### [Problem to solve]
Text in the records must be reproduced exactly, and pictures must be skipped.

### [Listed records]

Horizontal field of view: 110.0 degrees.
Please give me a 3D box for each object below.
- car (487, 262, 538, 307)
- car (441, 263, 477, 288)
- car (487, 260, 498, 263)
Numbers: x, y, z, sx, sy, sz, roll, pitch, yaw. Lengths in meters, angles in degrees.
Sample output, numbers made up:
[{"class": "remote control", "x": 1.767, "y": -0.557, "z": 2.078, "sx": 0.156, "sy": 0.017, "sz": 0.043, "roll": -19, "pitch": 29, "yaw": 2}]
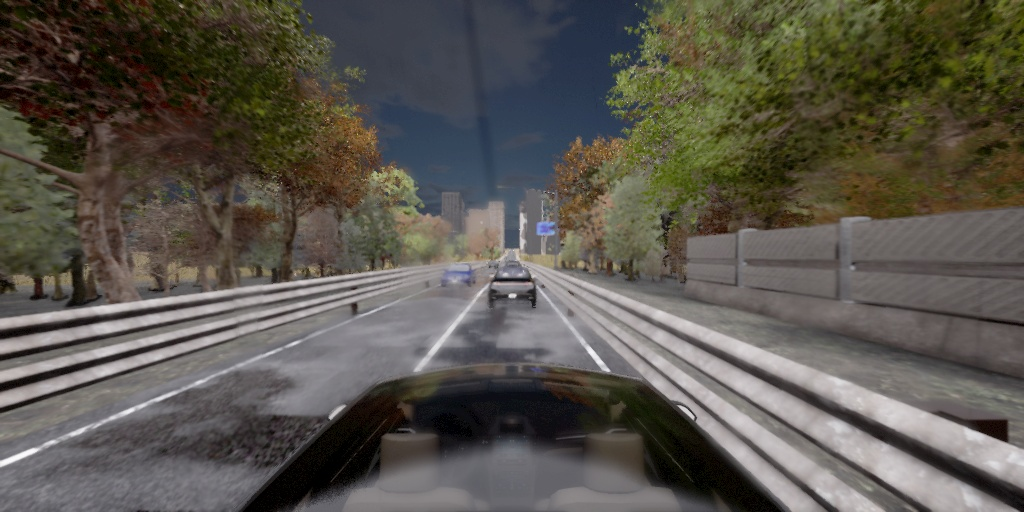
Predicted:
[{"class": "car", "x": 0.041, "y": 1.183, "z": 14.991, "sx": 2.128, "sy": 1.511, "sz": 4.902, "roll": 0, "pitch": 0, "yaw": 1}, {"class": "car", "x": -3.348, "y": 1.215, "z": 23.283, "sx": 1.812, "sy": 1.442, "sz": 4.674, "roll": 0, "pitch": 0, "yaw": 0}, {"class": "car", "x": -3.293, "y": 1.483, "z": 63.428, "sx": 1.837, "sy": 1.490, "sz": 4.892, "roll": 0, "pitch": -1, "yaw": 1}]

### [Result of the task]
Horizontal field of view: 110.0 degrees.
Please give me a 3D box for each object below.
- car (487, 262, 538, 307)
- car (441, 263, 477, 288)
- car (487, 260, 498, 263)
Numbers: x, y, z, sx, sy, sz, roll, pitch, yaw. Lengths in meters, angles in degrees.
Sample output, numbers made up:
[{"class": "remote control", "x": 1.767, "y": -0.557, "z": 2.078, "sx": 0.156, "sy": 0.017, "sz": 0.043, "roll": -19, "pitch": 29, "yaw": 2}]
Predicted:
[{"class": "car", "x": 0.041, "y": 1.183, "z": 14.991, "sx": 2.128, "sy": 1.511, "sz": 4.902, "roll": 0, "pitch": 0, "yaw": 1}, {"class": "car", "x": -3.348, "y": 1.215, "z": 23.283, "sx": 1.812, "sy": 1.442, "sz": 4.674, "roll": 0, "pitch": 0, "yaw": 0}, {"class": "car", "x": -3.293, "y": 1.483, "z": 63.428, "sx": 1.837, "sy": 1.490, "sz": 4.892, "roll": 0, "pitch": -1, "yaw": 1}]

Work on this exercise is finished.